■ INSTRUCTIONS TO FOLLOW
Where in the data below does the word "stellen" appear? Copy every line that has it.

■ DATA SUPPLIED

#####

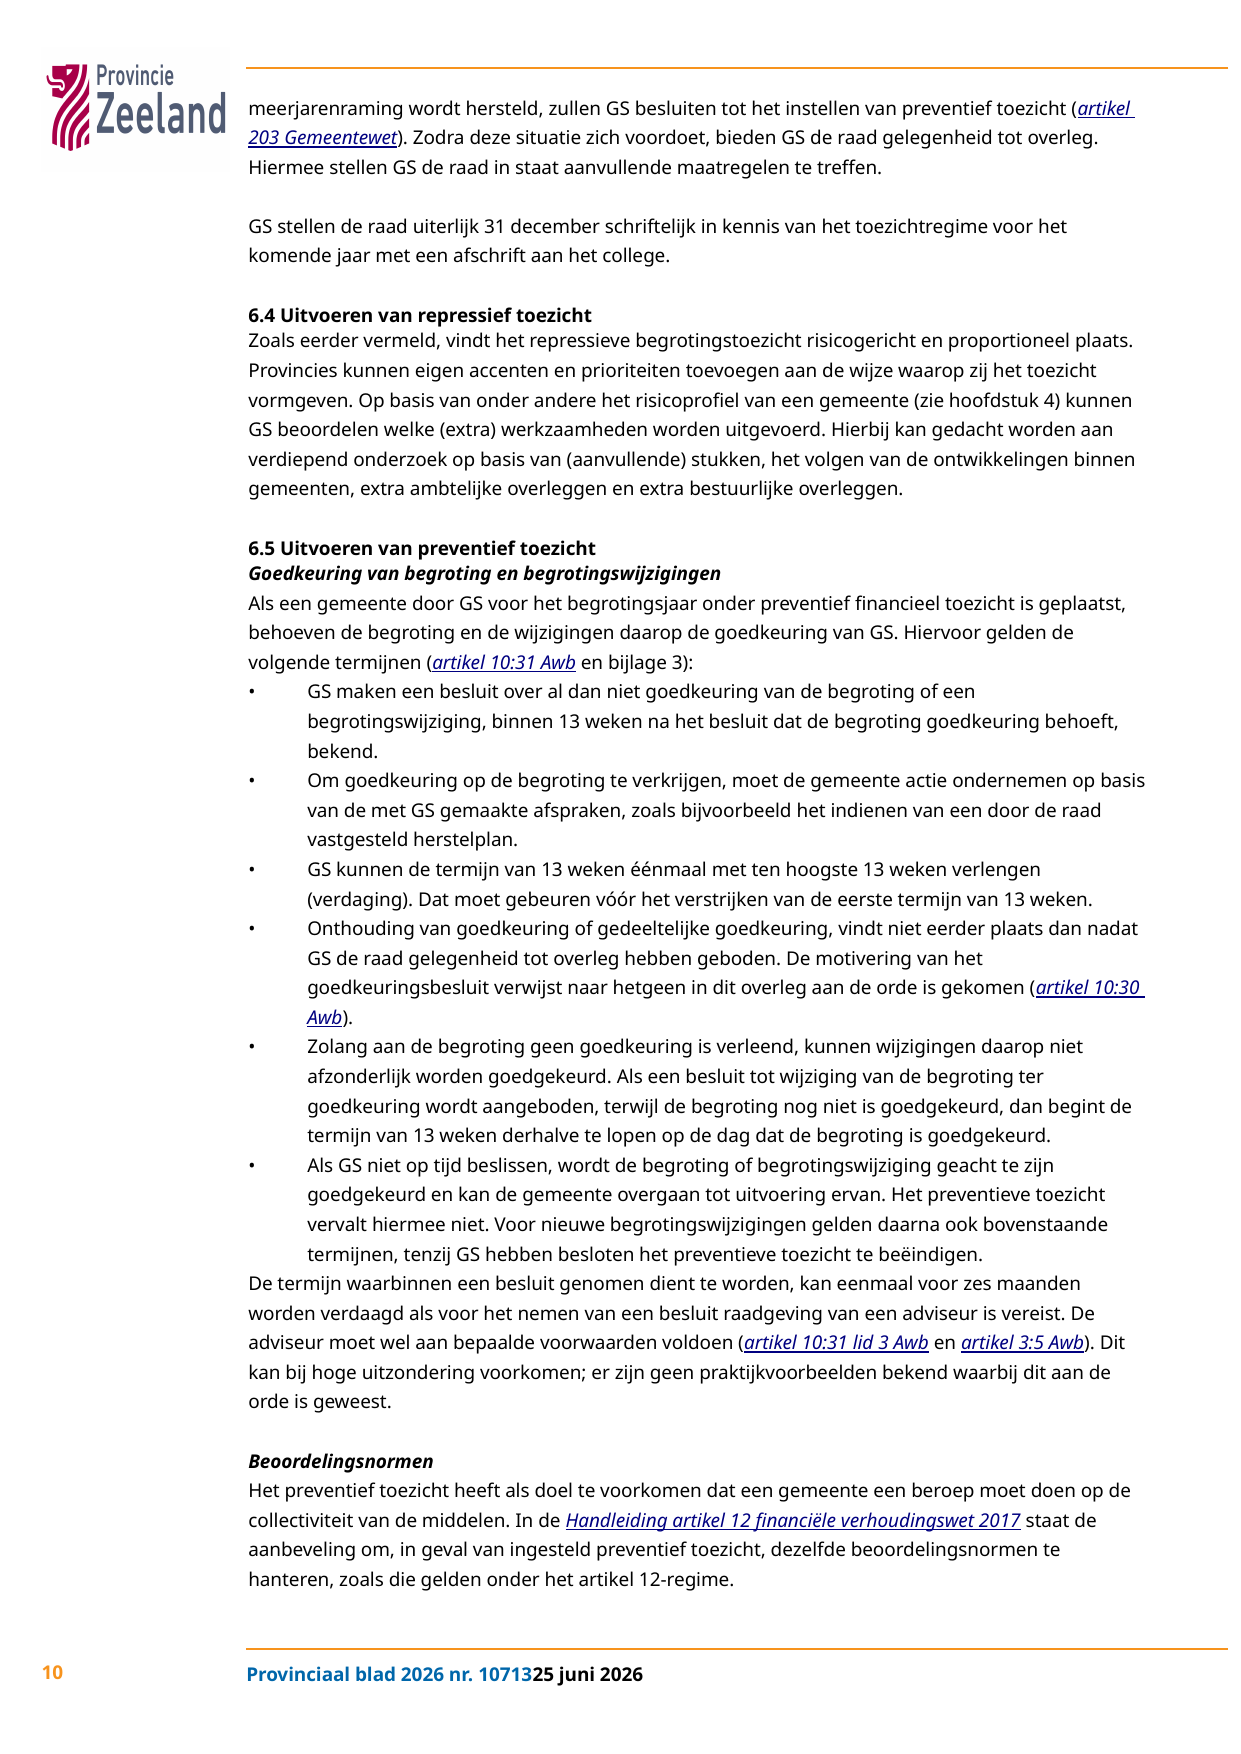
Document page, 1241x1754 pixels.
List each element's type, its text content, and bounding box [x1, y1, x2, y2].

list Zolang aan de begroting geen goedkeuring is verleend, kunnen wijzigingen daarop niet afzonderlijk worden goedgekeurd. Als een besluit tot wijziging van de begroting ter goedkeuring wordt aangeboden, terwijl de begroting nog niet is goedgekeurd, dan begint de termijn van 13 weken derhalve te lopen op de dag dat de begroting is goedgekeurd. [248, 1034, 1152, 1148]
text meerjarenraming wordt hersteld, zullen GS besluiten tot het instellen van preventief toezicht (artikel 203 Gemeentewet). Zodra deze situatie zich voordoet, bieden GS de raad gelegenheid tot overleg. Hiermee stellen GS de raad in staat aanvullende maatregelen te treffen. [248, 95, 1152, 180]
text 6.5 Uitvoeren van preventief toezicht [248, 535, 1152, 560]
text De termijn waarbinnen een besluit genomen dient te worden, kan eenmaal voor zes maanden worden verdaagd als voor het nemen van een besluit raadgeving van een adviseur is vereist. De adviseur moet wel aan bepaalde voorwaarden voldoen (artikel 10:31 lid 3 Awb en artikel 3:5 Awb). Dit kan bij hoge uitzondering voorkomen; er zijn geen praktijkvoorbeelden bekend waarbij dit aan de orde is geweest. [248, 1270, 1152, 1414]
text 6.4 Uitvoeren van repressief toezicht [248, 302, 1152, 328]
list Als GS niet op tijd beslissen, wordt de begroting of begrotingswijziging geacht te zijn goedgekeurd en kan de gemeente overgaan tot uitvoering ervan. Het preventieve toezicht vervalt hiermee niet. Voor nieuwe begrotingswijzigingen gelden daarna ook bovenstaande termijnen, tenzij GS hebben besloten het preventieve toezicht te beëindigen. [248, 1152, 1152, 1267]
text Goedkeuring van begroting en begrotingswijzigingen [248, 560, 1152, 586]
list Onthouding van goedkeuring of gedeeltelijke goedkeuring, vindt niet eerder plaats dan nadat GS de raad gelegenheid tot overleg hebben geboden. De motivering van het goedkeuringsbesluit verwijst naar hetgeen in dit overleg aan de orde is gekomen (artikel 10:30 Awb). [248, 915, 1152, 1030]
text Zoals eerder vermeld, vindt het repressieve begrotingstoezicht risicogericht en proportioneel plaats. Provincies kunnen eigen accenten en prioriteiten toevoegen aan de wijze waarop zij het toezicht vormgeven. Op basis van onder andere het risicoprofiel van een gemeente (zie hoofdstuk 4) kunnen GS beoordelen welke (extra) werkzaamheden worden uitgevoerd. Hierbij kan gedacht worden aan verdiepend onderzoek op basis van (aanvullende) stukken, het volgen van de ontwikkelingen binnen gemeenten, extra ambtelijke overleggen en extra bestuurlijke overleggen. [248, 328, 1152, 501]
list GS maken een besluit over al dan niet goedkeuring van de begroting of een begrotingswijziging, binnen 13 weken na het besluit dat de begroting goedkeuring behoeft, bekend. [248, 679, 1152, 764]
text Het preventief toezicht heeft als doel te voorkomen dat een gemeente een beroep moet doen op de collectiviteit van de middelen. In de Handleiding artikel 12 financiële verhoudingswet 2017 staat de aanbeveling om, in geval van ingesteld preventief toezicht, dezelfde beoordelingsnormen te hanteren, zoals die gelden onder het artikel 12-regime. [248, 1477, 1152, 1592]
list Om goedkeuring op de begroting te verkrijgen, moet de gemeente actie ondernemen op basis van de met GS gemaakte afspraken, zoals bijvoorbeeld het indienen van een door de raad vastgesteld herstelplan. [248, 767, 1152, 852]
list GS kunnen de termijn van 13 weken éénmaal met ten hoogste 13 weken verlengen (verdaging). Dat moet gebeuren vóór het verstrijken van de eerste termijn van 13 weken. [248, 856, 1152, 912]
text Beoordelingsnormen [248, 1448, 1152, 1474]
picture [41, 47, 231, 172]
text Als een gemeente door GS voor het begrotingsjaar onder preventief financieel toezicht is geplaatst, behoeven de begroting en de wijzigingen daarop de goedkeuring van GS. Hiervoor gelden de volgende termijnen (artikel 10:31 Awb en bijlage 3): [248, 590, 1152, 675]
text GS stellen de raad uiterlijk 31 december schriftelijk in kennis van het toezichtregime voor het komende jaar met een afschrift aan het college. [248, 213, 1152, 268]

#####

■ RESULT FOR THIS TASK
text meerjarenraming wordt hersteld, zullen GS besluiten tot het instellen van preventief toezicht (artikel 203 Gemeentewet). Zodra deze situatie zich voordoet, bieden GS de raad gelegenheid tot overleg. Hiermee stellen GS de raad in staat aanvullende maatregelen te treffen. [248, 95, 1152, 180]
text GS stellen de raad uiterlijk 31 december schriftelijk in kennis van het toezichtregime voor het komende jaar met een afschrift aan het college. [248, 213, 1152, 268]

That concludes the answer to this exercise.